La poésie du mercredi (#43)

Dernière escale médiévale pour nous, passagers du Réverbère.
Aujourd’hui, une énigme en forme de poème : le « devinalh », inventé par Guillaume d’Aquitaine (1071-1127). Il s’agit d’une poésie hermétique, utilisant le code du « senhal » (surnom donné à la Dame par le troubadour – troubadour puisque nous sommes cette fois dans le Sud de la France – afin de préserver son anonymat).
À première vue, ce type de poème pourrait être rapproché de la « fatrasie », dont je vous parlais mercredi dernier ; les vers ne semblent s’enchaîner que par les sonorités et n’avoir aucun sens. La différence essentielle qui existe entre ces deux formes, c’est qu’il y a vraiment un sens caché dans le « devinalh » ; seul l’entourage immédiat du poète sait à quoi il fait référence. Bon, en gros c’est la private joke du XIIe siècle, quoi.

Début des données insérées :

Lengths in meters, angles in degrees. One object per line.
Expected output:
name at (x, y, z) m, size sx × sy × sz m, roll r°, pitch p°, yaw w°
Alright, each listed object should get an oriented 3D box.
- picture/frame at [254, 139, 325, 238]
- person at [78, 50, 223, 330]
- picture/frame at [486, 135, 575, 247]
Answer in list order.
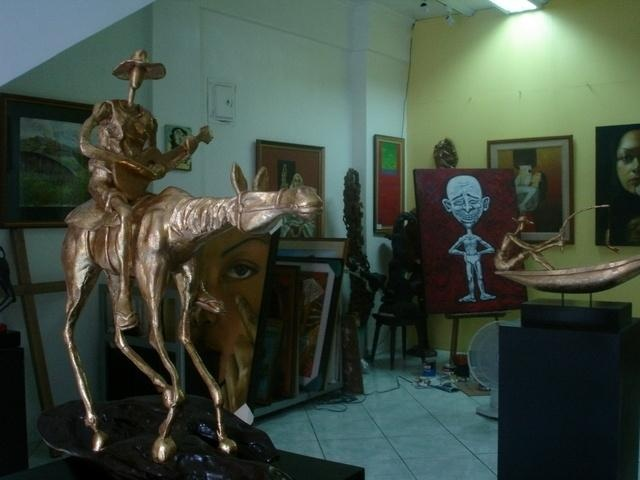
picture/frame at (-0.295, -0.468, 5.890) m, size 0.752 × 0.945 × 0.039 m, roll 2°, pitch -5°, yaw -31°
person at (-0.913, -0.295, 3.196) m, size 0.650 × 1.347 × 0.515 m, roll -15°, pitch 16°, yaw -38°
picture/frame at (2.225, -0.556, 6.483) m, size 0.276 × 1.110 × 1.031 m, roll -10°, pitch 14°, yaw -19°
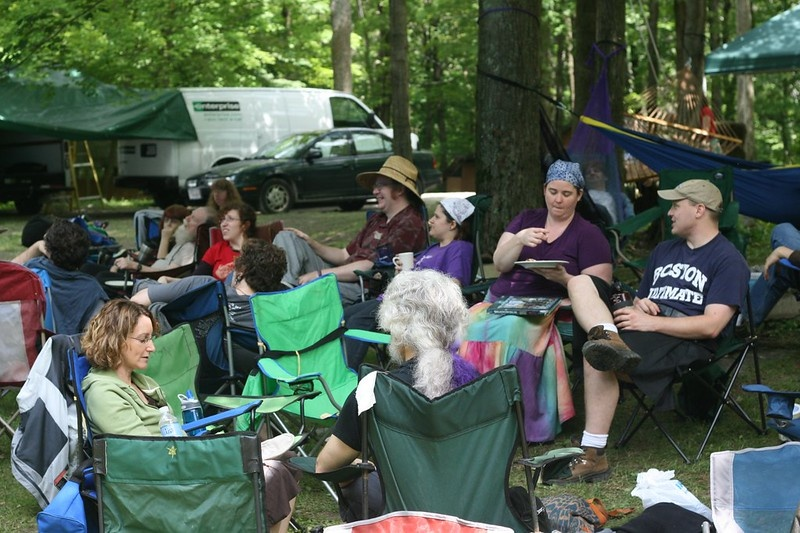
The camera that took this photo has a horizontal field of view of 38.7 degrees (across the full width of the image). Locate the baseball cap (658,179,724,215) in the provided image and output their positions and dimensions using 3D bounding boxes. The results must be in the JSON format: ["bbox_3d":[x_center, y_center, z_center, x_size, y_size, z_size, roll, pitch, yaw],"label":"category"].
[{"bbox_3d":[2.218,-0.528,8.556,0.354,0.174,0.249,9,3,9],"label":"baseball cap"}]

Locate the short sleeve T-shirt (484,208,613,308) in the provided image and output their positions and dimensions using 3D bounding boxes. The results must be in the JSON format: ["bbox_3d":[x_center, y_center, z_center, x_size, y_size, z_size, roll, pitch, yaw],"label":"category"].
[{"bbox_3d":[1.199,-0.040,8.909,0.589,0.600,0.339,25,5,41],"label":"short sleeve T-shirt"}]

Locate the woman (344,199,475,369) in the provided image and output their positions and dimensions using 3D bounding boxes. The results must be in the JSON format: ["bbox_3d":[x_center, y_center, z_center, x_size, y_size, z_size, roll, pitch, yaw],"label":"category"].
[{"bbox_3d":[0.004,0.123,10.000,1.243,1.884,1.140,2,0,-24],"label":"woman"}]

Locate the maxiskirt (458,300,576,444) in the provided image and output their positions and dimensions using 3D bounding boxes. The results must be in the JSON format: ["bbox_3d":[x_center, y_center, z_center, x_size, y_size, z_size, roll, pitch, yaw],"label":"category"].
[{"bbox_3d":[0.964,0.743,8.810,0.847,1.081,1.033,0,2,-29],"label":"maxiskirt"}]

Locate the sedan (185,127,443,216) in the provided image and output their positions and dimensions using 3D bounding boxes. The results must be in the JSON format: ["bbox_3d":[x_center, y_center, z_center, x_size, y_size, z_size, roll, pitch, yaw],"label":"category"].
[{"bbox_3d":[-1.351,-1.320,16.773,3.290,1.238,1.477,-3,3,-38],"label":"sedan"}]

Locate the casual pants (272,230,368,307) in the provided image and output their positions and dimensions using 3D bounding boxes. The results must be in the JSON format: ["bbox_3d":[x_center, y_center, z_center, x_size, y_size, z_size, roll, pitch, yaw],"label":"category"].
[{"bbox_3d":[-0.636,-0.005,10.212,0.855,0.571,1.538,-18,1,-8],"label":"casual pants"}]

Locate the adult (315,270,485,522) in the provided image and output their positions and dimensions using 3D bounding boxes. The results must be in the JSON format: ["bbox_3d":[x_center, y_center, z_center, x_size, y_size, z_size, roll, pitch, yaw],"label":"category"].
[{"bbox_3d":[0.053,1.011,7.400,1.120,2.033,1.147,-2,-9,8],"label":"adult"}]

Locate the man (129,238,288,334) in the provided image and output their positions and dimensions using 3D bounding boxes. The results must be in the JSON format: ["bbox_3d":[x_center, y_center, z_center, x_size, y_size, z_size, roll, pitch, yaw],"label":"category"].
[{"bbox_3d":[-1.530,0.230,9.226,1.218,0.851,0.956,0,3,29],"label":"man"}]

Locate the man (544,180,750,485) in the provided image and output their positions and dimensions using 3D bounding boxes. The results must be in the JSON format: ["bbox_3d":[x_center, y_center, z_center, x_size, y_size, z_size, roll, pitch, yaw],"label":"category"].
[{"bbox_3d":[1.799,0.467,8.507,1.550,2.278,1.268,-2,4,-26],"label":"man"}]

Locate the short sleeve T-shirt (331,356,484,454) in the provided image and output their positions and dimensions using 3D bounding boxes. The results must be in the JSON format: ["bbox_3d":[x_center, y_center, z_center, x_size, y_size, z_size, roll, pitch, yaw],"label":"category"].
[{"bbox_3d":[0.020,0.813,7.197,0.664,0.965,0.634,-3,10,-30],"label":"short sleeve T-shirt"}]

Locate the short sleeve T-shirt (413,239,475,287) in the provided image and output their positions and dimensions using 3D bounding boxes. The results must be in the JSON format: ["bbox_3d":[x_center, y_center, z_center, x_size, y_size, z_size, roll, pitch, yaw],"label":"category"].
[{"bbox_3d":[0.382,-0.013,9.505,0.325,0.484,0.575,14,-6,-24],"label":"short sleeve T-shirt"}]

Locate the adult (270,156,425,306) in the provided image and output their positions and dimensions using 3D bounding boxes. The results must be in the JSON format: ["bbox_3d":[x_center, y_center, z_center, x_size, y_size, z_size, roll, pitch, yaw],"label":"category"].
[{"bbox_3d":[-0.485,0.047,10.179,1.420,2.040,0.922,0,8,-12],"label":"adult"}]

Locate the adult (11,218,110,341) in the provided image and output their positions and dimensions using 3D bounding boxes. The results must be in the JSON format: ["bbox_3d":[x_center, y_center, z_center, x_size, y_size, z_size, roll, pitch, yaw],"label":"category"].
[{"bbox_3d":[-2.697,0.144,9.056,0.638,1.391,0.483,-10,42,-32],"label":"adult"}]

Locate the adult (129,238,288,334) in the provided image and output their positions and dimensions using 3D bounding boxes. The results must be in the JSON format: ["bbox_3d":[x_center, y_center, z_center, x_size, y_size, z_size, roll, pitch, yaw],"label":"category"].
[{"bbox_3d":[-1.476,0.133,8.990,0.717,0.526,0.967,3,-10,-43],"label":"adult"}]

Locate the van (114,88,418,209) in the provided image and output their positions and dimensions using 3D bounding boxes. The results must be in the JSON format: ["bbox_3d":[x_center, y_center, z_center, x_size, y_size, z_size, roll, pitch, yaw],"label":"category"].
[{"bbox_3d":[-2.394,-2.080,17.353,3.488,1.432,1.905,-7,8,-30],"label":"van"}]

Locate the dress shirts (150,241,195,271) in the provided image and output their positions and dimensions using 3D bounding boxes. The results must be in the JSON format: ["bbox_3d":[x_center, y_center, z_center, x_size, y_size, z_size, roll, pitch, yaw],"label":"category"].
[{"bbox_3d":[-2.176,-0.139,10.960,0.345,0.147,0.291,-23,11,-4],"label":"dress shirts"}]

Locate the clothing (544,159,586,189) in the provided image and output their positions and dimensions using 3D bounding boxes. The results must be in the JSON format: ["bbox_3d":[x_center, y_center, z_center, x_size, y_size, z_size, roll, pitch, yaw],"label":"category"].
[{"bbox_3d":[1.342,-0.734,8.920,0.190,0.144,0.260,6,-4,26],"label":"clothing"}]

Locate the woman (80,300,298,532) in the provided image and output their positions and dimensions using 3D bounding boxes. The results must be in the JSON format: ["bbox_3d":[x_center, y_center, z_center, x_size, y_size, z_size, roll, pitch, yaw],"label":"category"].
[{"bbox_3d":[-1.211,1.002,8.142,1.472,1.843,1.226,-4,-5,14],"label":"woman"}]

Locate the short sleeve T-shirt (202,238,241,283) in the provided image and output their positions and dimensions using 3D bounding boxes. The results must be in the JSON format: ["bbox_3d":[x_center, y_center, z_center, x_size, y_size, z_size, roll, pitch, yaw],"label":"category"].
[{"bbox_3d":[-1.535,-0.026,9.894,0.310,0.287,0.150,9,6,25],"label":"short sleeve T-shirt"}]

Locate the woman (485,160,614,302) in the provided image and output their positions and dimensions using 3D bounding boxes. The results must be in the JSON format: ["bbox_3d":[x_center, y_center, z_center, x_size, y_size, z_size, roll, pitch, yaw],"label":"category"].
[{"bbox_3d":[1.192,-0.135,8.953,0.871,1.366,0.971,5,4,9],"label":"woman"}]

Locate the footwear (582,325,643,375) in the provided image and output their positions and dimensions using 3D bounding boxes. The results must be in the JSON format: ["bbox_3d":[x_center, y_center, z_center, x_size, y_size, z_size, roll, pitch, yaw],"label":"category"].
[{"bbox_3d":[1.483,0.570,8.078,0.345,0.184,0.347,11,40,-35],"label":"footwear"}]

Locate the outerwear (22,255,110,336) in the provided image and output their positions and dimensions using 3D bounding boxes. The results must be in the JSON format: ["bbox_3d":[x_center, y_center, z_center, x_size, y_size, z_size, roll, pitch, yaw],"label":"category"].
[{"bbox_3d":[-2.705,0.428,9.033,0.673,0.718,0.387,9,-33,-31],"label":"outerwear"}]

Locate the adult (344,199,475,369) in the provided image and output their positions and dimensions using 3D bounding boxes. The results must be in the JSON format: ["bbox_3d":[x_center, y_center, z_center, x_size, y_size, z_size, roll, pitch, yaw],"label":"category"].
[{"bbox_3d":[-0.011,0.104,10.037,1.243,1.884,1.140,2,0,-24],"label":"adult"}]

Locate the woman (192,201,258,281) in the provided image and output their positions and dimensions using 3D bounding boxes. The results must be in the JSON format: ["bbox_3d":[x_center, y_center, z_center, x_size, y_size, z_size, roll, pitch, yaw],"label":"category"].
[{"bbox_3d":[-1.517,-0.190,9.852,0.517,0.984,0.667,-2,-13,-2],"label":"woman"}]

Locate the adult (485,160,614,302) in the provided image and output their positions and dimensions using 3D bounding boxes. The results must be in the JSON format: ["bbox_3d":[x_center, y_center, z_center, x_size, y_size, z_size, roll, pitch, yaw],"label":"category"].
[{"bbox_3d":[1.181,-0.123,8.939,0.877,1.331,0.936,7,4,25],"label":"adult"}]

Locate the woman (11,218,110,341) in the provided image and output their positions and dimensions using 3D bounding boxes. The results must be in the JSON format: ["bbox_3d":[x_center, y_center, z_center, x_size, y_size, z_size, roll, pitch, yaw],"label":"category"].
[{"bbox_3d":[-2.697,0.144,9.056,0.638,1.391,0.483,-10,42,-32],"label":"woman"}]

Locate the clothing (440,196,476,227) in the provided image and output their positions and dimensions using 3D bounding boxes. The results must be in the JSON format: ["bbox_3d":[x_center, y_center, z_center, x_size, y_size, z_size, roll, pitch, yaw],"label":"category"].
[{"bbox_3d":[0.493,-0.456,9.432,0.225,0.240,0.065,-9,-5,-36],"label":"clothing"}]
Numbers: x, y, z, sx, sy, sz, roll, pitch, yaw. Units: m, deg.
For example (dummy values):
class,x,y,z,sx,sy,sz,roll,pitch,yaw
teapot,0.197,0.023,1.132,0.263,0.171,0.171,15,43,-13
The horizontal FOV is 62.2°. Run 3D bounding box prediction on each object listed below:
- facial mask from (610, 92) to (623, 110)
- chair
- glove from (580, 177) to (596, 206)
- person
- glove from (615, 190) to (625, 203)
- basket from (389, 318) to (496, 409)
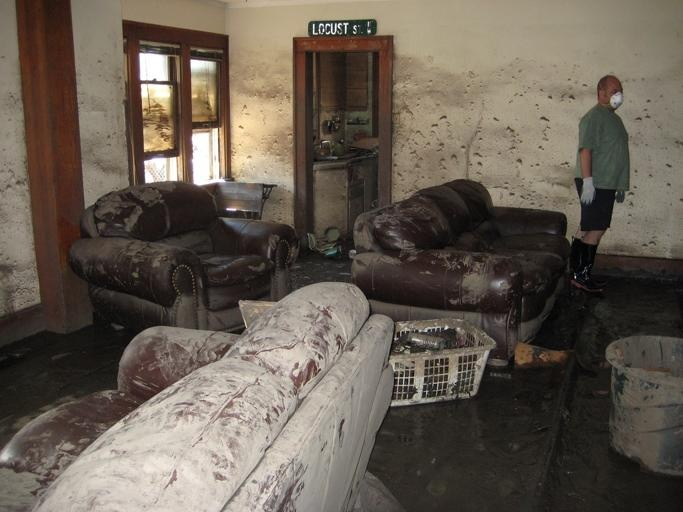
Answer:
class,x,y,z,sx,sy,sz,roll,pitch,yaw
facial mask,2.397,-1.368,4.943,0.082,0.131,0.084,2,14,30
chair,-1.192,-0.002,4.373,1.244,0.990,1.522,16,19,39
glove,2.177,-0.576,4.984,0.109,0.253,0.120,0,13,23
person,2.303,-0.621,5.055,0.476,1.902,0.376,0,13,22
glove,2.618,-0.573,5.322,0.091,0.128,0.067,19,55,15
basket,0.575,0.629,3.407,0.665,0.337,0.441,-3,12,-14

Ici je vous propose, comme toujours, la langue d’origine pour les sonorités, mais s’agissant du dialecte limousin de l’époque, qui est plus proche de la langue d’Oc (l’Occitan actuel) que de la langue d’Oïl (français actuel), il est à peu près incompréhensible.

Voici donc notre « poème de pur néant » :

Farai un vers de dreit nien . non er de mi ni d’autra gen . non er d’amor ni de joven  . ni de ren au . qu’enans fo trobatz en durmen . sus un chivau .

No sai en quel hora-m fui natz . no soi alegres ni iratz . no soi estranhs ni soi privatz . ni no-n puesc au . qu’enaisi fui de nueitz fadatz . sobr’un pueg au .
No sai cora-m sui endormitz . ni cora-m veill s’om no m’o ditz . per pauc no m’es lo cor partiz . d’un dol corau . e no mo pretz una fromitz . per Saint Marsau .

Malautz soi e cre mi morir . e re no sai mas quan n’aug dir . metge querrai al mieu albir . e no-m sai tau . bos metges er si-m pot guerir . mor non si amau

Amigu’ai ieu non sai qui s’es . c’anc no la vi si m’aiut fes . ni-m fes que-m plassa ni que-m pes . ni no m’en cau . c’anc non ac norman ni franses . dins mon ostau .

Anc non la vi et am la fort . anc no n’aic dreit ni no-m fes tort . quan no la vei be m’en deport . no-m prez un jau . qu’ie-n sai gensor e belazor . e que mais vau .

No sai lo vuec ves on s’esta . si es en pueg ho es en pla . non aus dire lo tort que m’a . abans m’en cau . e peza-m be quar sai rema . per aitan vau .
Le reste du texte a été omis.